From a distance we can see it's a mass of blue chrysanthemums (a typical oriental or 'chinoiserie' motif) with the odd green leaf sprinkled among the blue.

This one is a mass of butterflies or moths flying hither and thither! I don't know the significance of the holes both these eggs have, but suspect it's related to the firing; as in somewhere to hang the egg in the oven without leaving a mark in the enamel? It may be for more straightforward, decorative 'hanging' purposes?

And . . . is that the Cherilea hen we looked at the other day? It makes a good painting guide!

Sunday, September 28, 2014

H is for Homemade Home-casts

Following on from the less than common Krolyn aluminium comes these, common enough to traveller as they are sold primarily as tourist keepsake items, they are sand-cast in back alleys from melted down drinks cans!

A typical 'rural' pair of females collecting maize and bringing back...firewood? Sugar cane? A minimalist paint job in a pallet of muted, almost autumnal colours over a worn undercoat of black which is probably either ink or boot-polish based.

Also from Africa comes this necklace of tiger's eye lumps with clay, stone and other beads, featuring four home-cast animals. In this case they seem to be brass or bronze, presumably recycled from electrical or engine parts? The patina probably gained with a urine bath (yes, pee!), lemon juice or vinegar?

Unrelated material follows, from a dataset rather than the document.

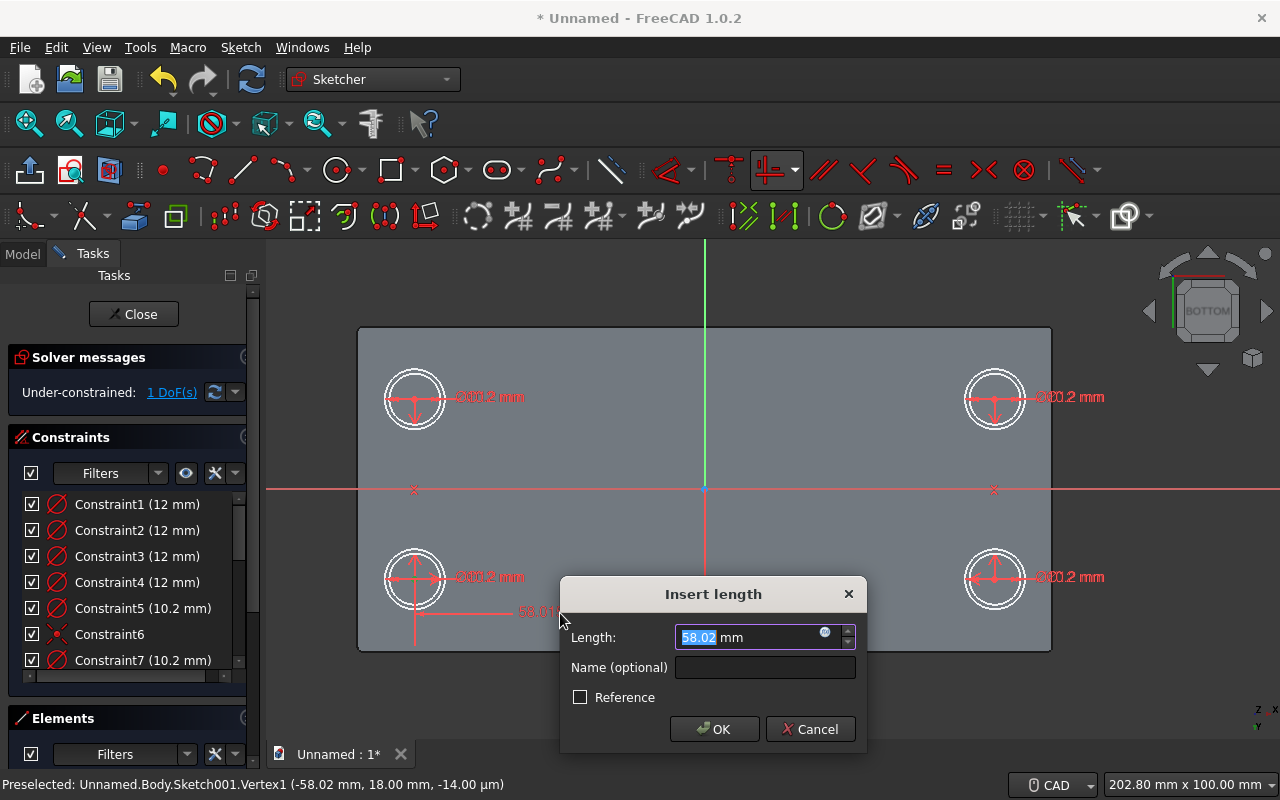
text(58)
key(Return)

They may - of course - be hideously commercial and just made to look vernacular?

Studies of the animals, the two big cats (a cheetah and a male lion) are a nice 1:76'ish, while the buffalo and rhino are smaller.

Wednesday, December 18, 2013

G is for Guards - Saxaphone and Trombone

Saxophonists - Very uncommon Cavendish starts this line-up, with a Charbens providing the party-wall for four Crescent and Crescent for Kellogg's.

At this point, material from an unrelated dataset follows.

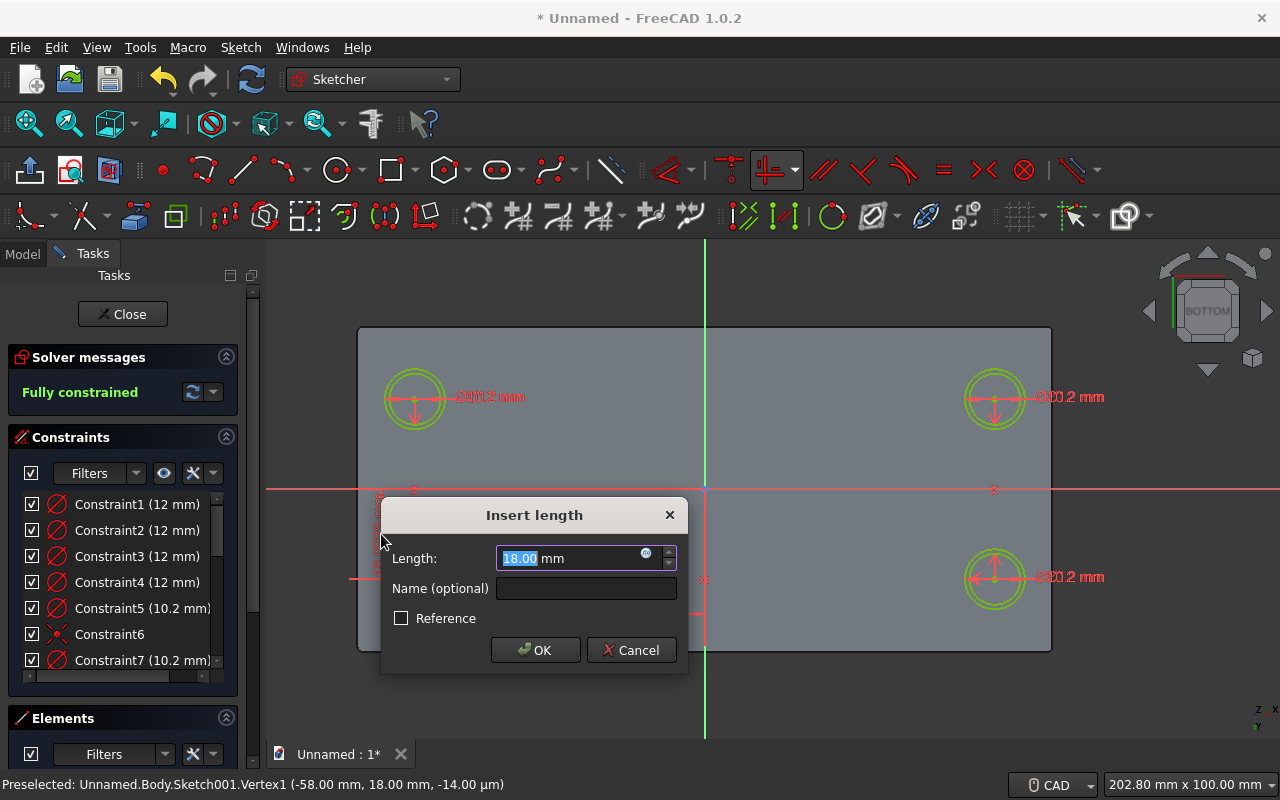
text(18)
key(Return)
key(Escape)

Trombonists - Two more Charbens and three more Crescent and Crescent for Kellogg's. The shortage of these more complicated instruments is surly down to production complexity, and with me having few Cavendish (two!) and less Britains Eyes-Right (one figure!) it will be a while before there are more on the blog!

Thursday, November 22, 2012

P is for Piggy-wiggy

Lazy post tonight - smallest is about 15mm in diameter - "Th'-th'-th'-th'-th'-th'-that's All, Folks!"

Monday, July 12, 2010

A is for Ah!...Summer Grasses...

...all that remains of the dreams of soldiers.

Things I've worn or been entitled to wear over the years - of a now distant youth!. With the exception of the two flaming sword patches which I swapped with a guy called Eddie from the 502nd Infantry at Clay Alley in the US sector when we went on a rappelling (abseiling out of the old UH1 Hueys) course down there. The Green '1' flash was issued to a higher command I was once a part of but years after I'd left the army and the German national flash came off the Bundeswehr surplus shirts we used to wear in the field because our WWII pattern woollen things were bloody awful!

The red '28' and the brass plate next to it are from the 'Old Guard' and are based on Wellingtonian uniforms of the Peninsular and Waterloo periods (when we explained to the French politely - to begin with - that we wouldn't be driving on the wrong side of the road!).

There is also a pre-'Royal' Hampshire cap-badge, we weren't supposed to wear them, but as they shined-up far better than the Hong Kong produced 'stay bright' a blind-eye tended to be turned toward them, likewise - once I was cross-posted to the Glosters I got hold of gunmetal front and back badges at the earliest opportunity!

The little red square is all that remains of my 'A' company sweatshirt!